Some of these algorithms use a variety of other information, in addition to microRNA duplex sequences, for target prediction. For example, TargetScan (Agarwal et al., 2015), miRanda-mirSVR (Betel et al., 2010), and DIANA-microT (Maragkakis et al., 2009) use sequence conservation across species, conserved or nonconserved microRNA family, and miRBase annotation. Our MHL target predictions rely only on sequences of a microRNA duplex. Comparing MHL with methods such as TargetScan would be technically not feasible because our collected data do not have the information used by TargetScan. The other challenge was that the source code or executable files for some methods are not available, and they are only accessible through their online websites, for instance, miRDB (Wang, 2008), miTarget (Kim et al., 2006), and miRWalk (Dweep et al., 2011).

Our test set composed of 6646 samples (HSA 6129 samples and MMU 517), and we could not submit the test set as thousands of online queries manually. The functionality of some of these methods is different from our method, for example, TarPmiR (Ding et al., 2016) finds targets across a given mRNA for a microRNA sequence, whereas our data samples are pairs of short microRNA and target site sequences, and MHL is about finding out if a pair bind to each other. From available software and methods for microRNA target prediction, we could only use those with downloadable source code or executable code. Moreover, for a fair comparison, such methods would also need to predict a microRNA target merely based on sequences of microRNA and target site. Software tools satisfying all these requirements were miRanda (Betel et al., 2008) and RNAhybrid (Rehmsmeier et al., 2004). These rule-based methods work based on fundamental principles of microRNA targeting mechanisms such as a lower free energy binding and a stable secondary structure duplex. These metrics have had reliable performance; therefore, miRanda and RNAhybrid are still widely used either solely or as core components of other algorithms such as miRanda-mirSVR (Betel et al., 2010) and miRanda-MiRBase (Maziere and Enright, 2007).

5. Conclusion

MicroRNAs are small RNA sequences that regulate genes and have important and diverse functions. Biologists are very interested to discover the functionality of microRNAs, and their functions may be correlated with the way they detect their targets. As a result, microRNA studies and specifically microRNA target prediction received a lot of attention, and many computational algorithms have been developed in the last two decades. In this work, we presented a multi-hypotheses learner (MHL) algorithm that aims for two purposes: first, to predict microRNA targets with high accuracy, and second, to help with discovering the mechanisms of microRNA targeting, by providing partitions of samples that biologically correlate with each other within a partition. These partitions can potentially be used for in vivo experiments to discover new mechanisms of microRNAs target recognition.

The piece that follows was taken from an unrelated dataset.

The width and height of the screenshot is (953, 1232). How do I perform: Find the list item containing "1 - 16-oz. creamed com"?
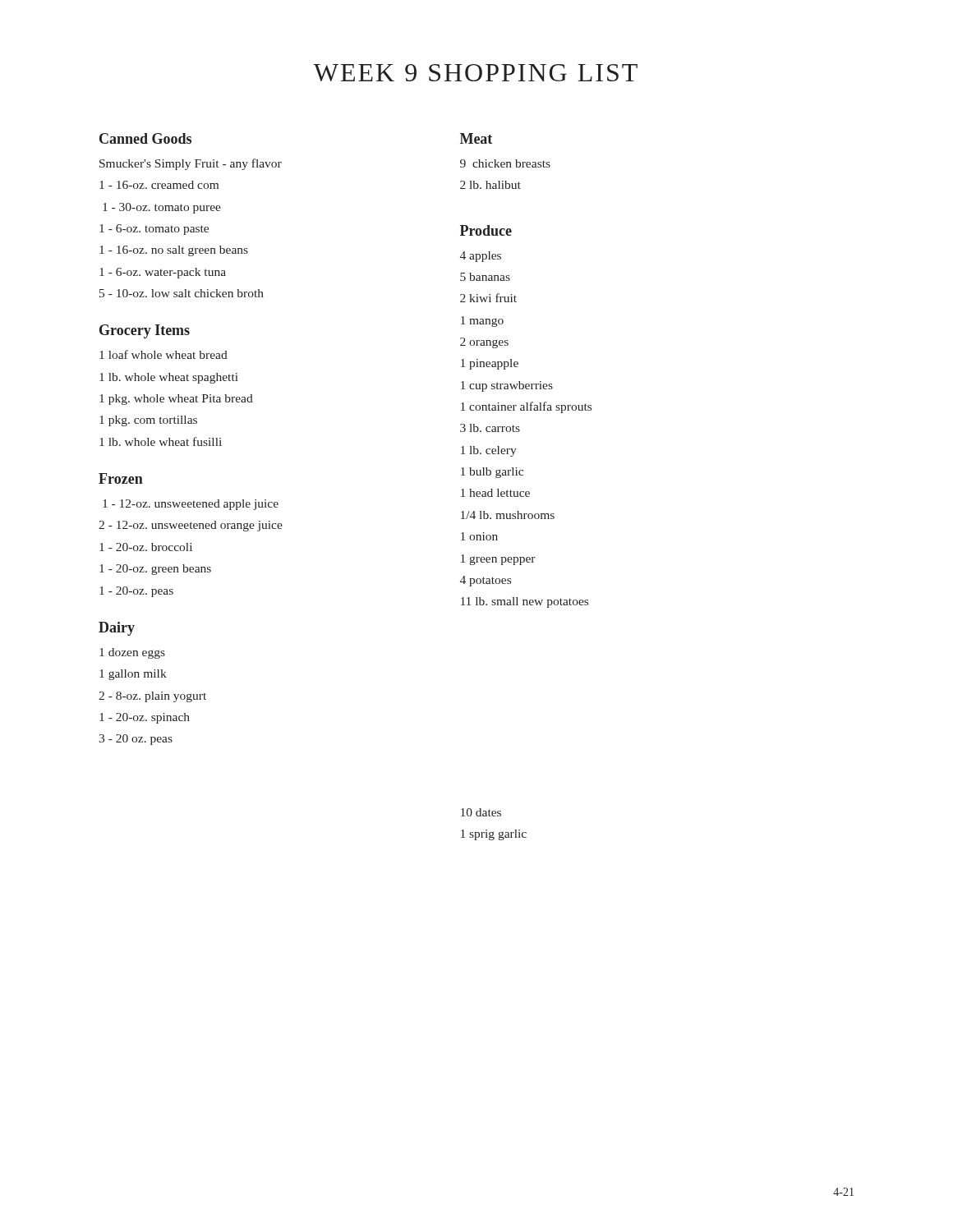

Our MHL algorithm has significantly improved the performance of some ML methods by correct partitioning of the data set; for example, LinearRegression, MultilayerPerceptron, and REPTree have average performances when they are trained alone on the data set, but MHL boosts their performance to have very high performances and outperform powerful algorithms such as DL models and RandomForest. Feature selection analysis on the partitions created by MHL reveals that the MHL partitioning mechanism is indeed biologically meaningful and partitions have verified features that could not be mined without using the MHL algorithm.

Author Disclosure Statement

The authors declare they have no competing financial interests.

Funding Information

This work was supported in part by the NIH grant (Award No: R01GM117596), as a part of Joint DMS/NIGMS Initiative to Support Research at the Interface of the Biological and Mathematical Sciences, and NSF IIS grant (Award No: 0916250).